(Information supplied Opens)
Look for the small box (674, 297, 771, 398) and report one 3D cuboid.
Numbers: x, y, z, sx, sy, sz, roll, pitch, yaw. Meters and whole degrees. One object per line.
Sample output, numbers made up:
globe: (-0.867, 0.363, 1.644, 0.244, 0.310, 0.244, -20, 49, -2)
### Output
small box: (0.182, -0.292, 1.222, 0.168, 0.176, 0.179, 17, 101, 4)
(Information supplied Closes)
(Information supplied Opens)
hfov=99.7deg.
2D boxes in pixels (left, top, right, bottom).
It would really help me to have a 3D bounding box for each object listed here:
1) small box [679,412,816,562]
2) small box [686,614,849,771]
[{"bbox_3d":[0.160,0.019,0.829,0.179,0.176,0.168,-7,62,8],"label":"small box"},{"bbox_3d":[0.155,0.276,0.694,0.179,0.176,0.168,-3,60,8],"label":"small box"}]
(Information supplied Closes)
◆ Task goal: What is needed is every line of the records that contains the word "object".

◆ Solution to the problem:
Numbers: x, y, z, sx, sy, sz, roll, pitch, yaw. Meters and whole degrees. One object per line.
It would really help me to have a 3D bounding box for each object listed here:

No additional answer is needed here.